**YOUR INSTRUCTIONS:** Exact copy, pictures excluded: write out every line below.

**DATA FOR THIS TASK:**
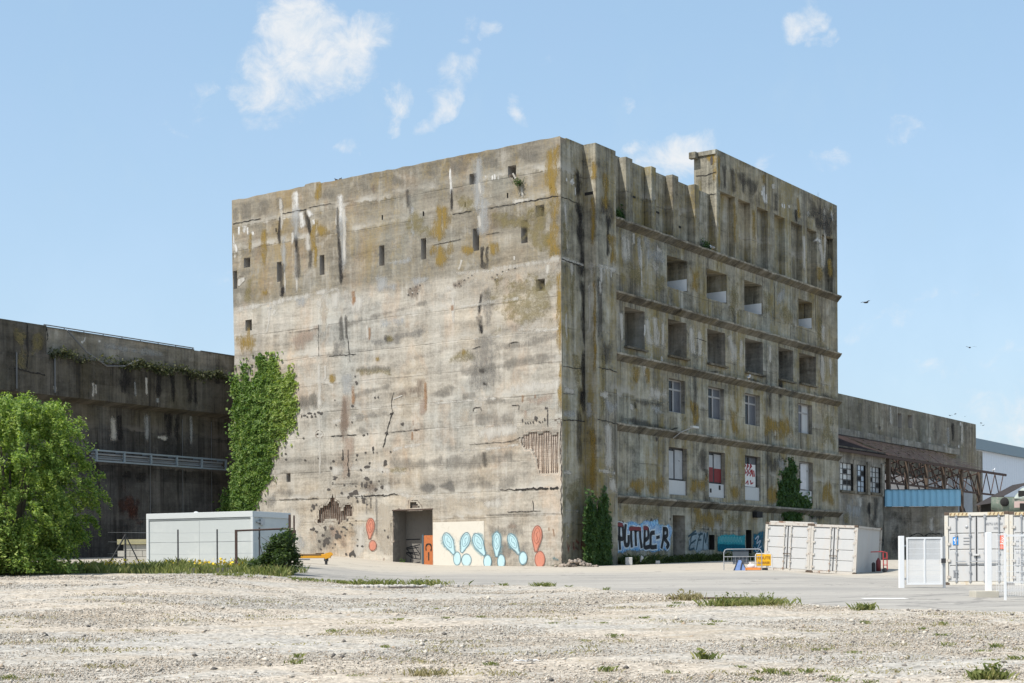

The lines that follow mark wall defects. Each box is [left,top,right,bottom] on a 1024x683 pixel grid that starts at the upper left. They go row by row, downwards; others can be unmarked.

leakage [239,192,369,336]
leakage [458,170,667,466]
spalling [310,447,391,557]
crack [383,393,420,447]
spalling [519,407,562,476]
crack [500,393,618,561]
leakage [599,424,616,491]
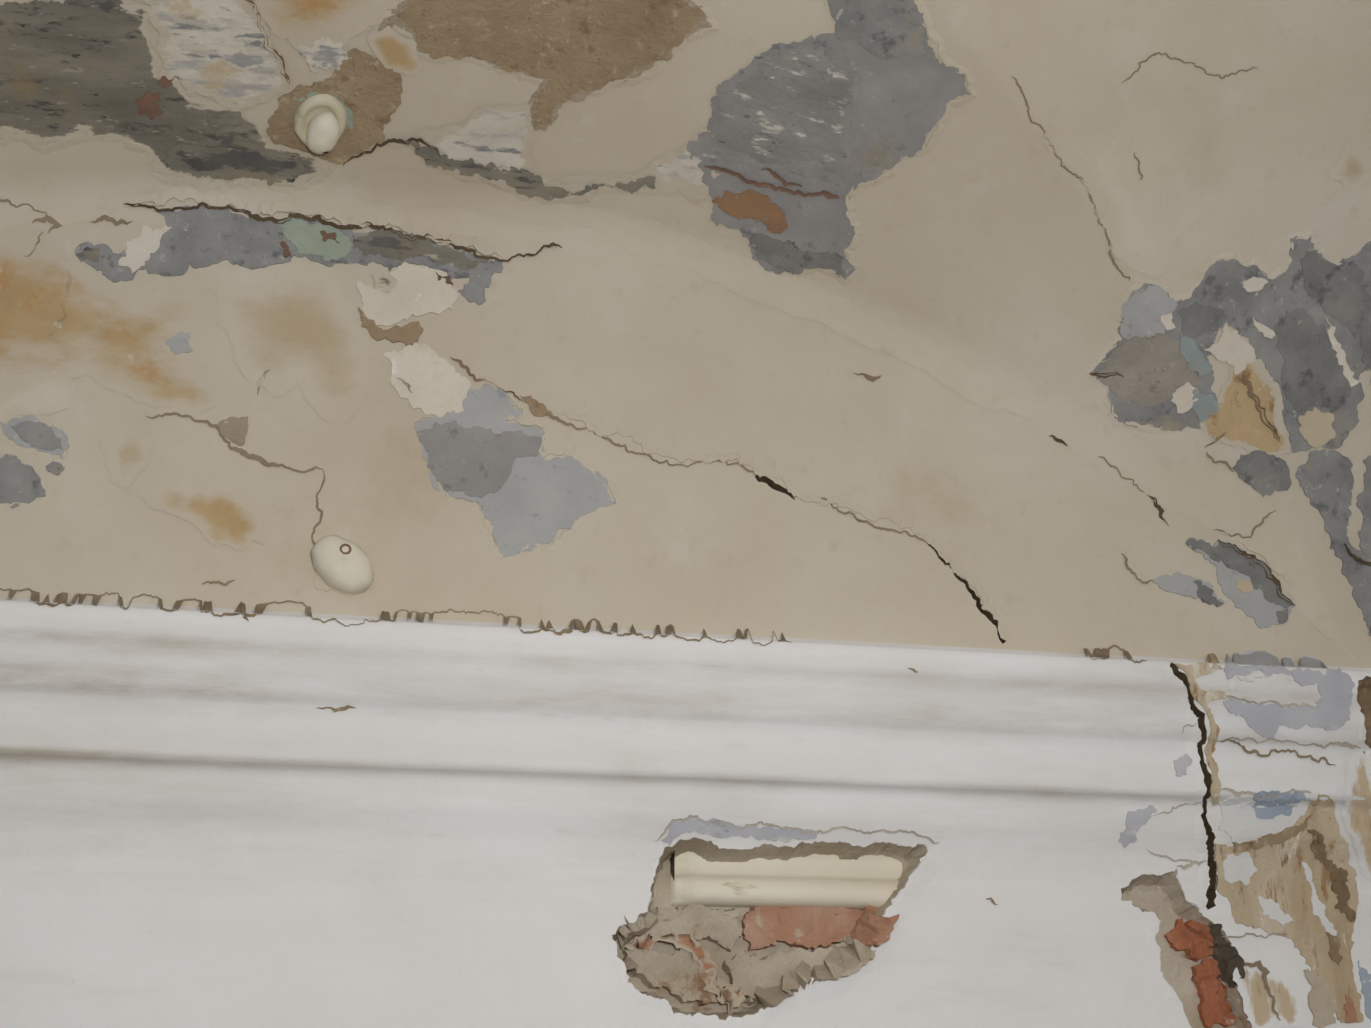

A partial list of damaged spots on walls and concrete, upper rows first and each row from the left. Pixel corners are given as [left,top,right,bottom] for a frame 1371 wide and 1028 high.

leakage [254,0,423,77]
peeling [0,0,978,305]
crack [1011,76,1130,280]
leakage [0,233,371,435]
crack [147,369,325,545]
crack [0,580,790,646]
crack [521,395,1010,644]
crack [1084,645,1226,910]
peeling [1084,228,1371,636]
peeling [1218,650,1371,774]
spalling [604,815,939,1028]
peeling [1118,788,1364,1028]
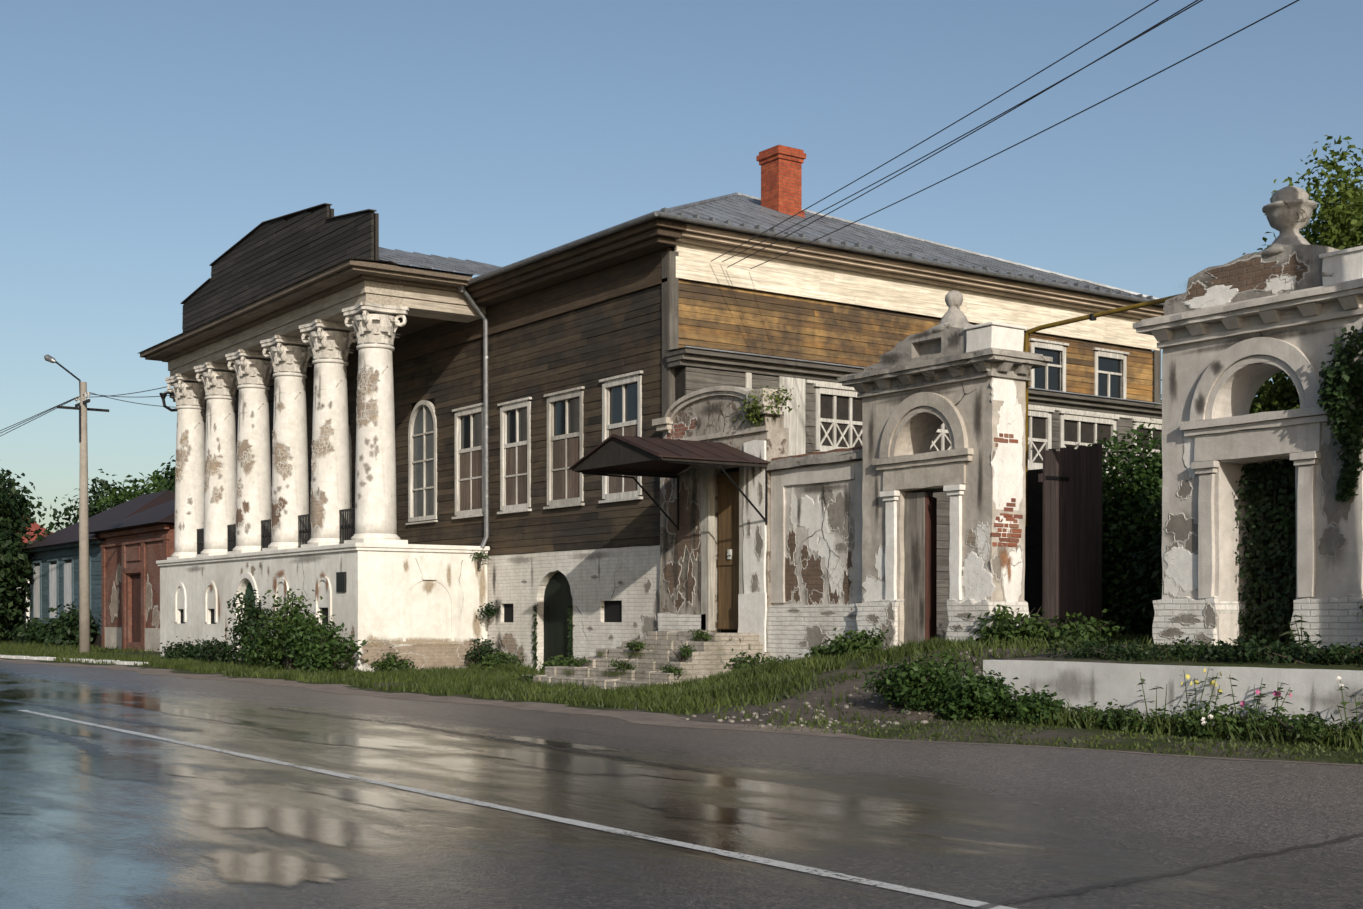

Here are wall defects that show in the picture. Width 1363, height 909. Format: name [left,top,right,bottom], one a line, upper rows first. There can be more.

spalling [1183,250,1311,310]
peeling [174,402,256,544]
peeling [271,382,294,536]
spalling [310,384,335,531]
peeling [355,366,380,510]
peeling [785,486,896,651]
peeling [950,377,1024,635]
peeling [1159,430,1217,645]
peeling [1316,430,1361,559]
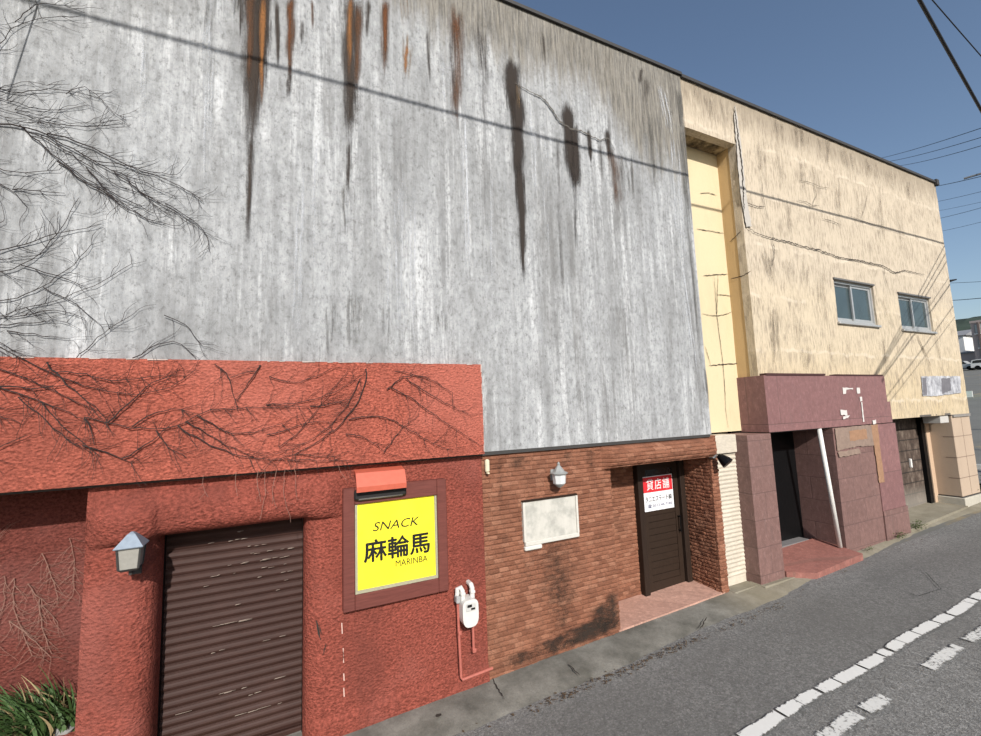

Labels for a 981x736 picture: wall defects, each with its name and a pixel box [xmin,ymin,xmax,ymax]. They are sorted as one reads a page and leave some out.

corrosion [240,0,313,224]
corrosion [343,0,370,124]
leakage [505,60,536,272]
crack [515,83,614,148]
leakage [557,104,634,198]
crack [699,107,922,283]
crack [704,272,749,422]
peeling [835,387,885,483]
leakage [543,595,619,653]

**REPLY TO THE EXERCISE:**
The lines that follow mark wall defects. Each box is [left,top,right,bottom] on a 1024x683 pixel grid that starts at the upper left. They go row by row, downwards; others can be unmarked.

leakage [239,192,369,336]
leakage [458,170,667,466]
spalling [310,447,391,557]
crack [383,393,420,447]
spalling [519,407,562,476]
crack [500,393,618,561]
leakage [599,424,616,491]

A partial list of damaged spots on walls and concrete, upper rows first and each row from the left. Pixel corners are given as [left,top,right,bottom] for a frame 1371 wide and 1028 high.

leakage [254,0,423,77]
peeling [0,0,978,305]
crack [1011,76,1130,280]
leakage [0,233,371,435]
crack [147,369,325,545]
crack [0,580,790,646]
crack [521,395,1010,644]
crack [1084,645,1226,910]
peeling [1084,228,1371,636]
peeling [1218,650,1371,774]
spalling [604,815,939,1028]
peeling [1118,788,1364,1028]

Here are wall defects that show in the picture. Width 1363, height 909. Format: name [left,top,right,bottom], one a line, upper rows first. There can be more.

spalling [1183,250,1311,310]
peeling [174,402,256,544]
peeling [271,382,294,536]
spalling [310,384,335,531]
peeling [355,366,380,510]
peeling [785,486,896,651]
peeling [950,377,1024,635]
peeling [1159,430,1217,645]
peeling [1316,430,1361,559]

Labels for a 981x736 picture: wall defects, each with its name and a pixel box [xmin,ymin,xmax,ymax]. They are sorted as one reads a page and leave some out.

corrosion [240,0,313,224]
corrosion [343,0,370,124]
leakage [505,60,536,272]
crack [515,83,614,148]
leakage [557,104,634,198]
crack [699,107,922,283]
crack [704,272,749,422]
peeling [835,387,885,483]
leakage [543,595,619,653]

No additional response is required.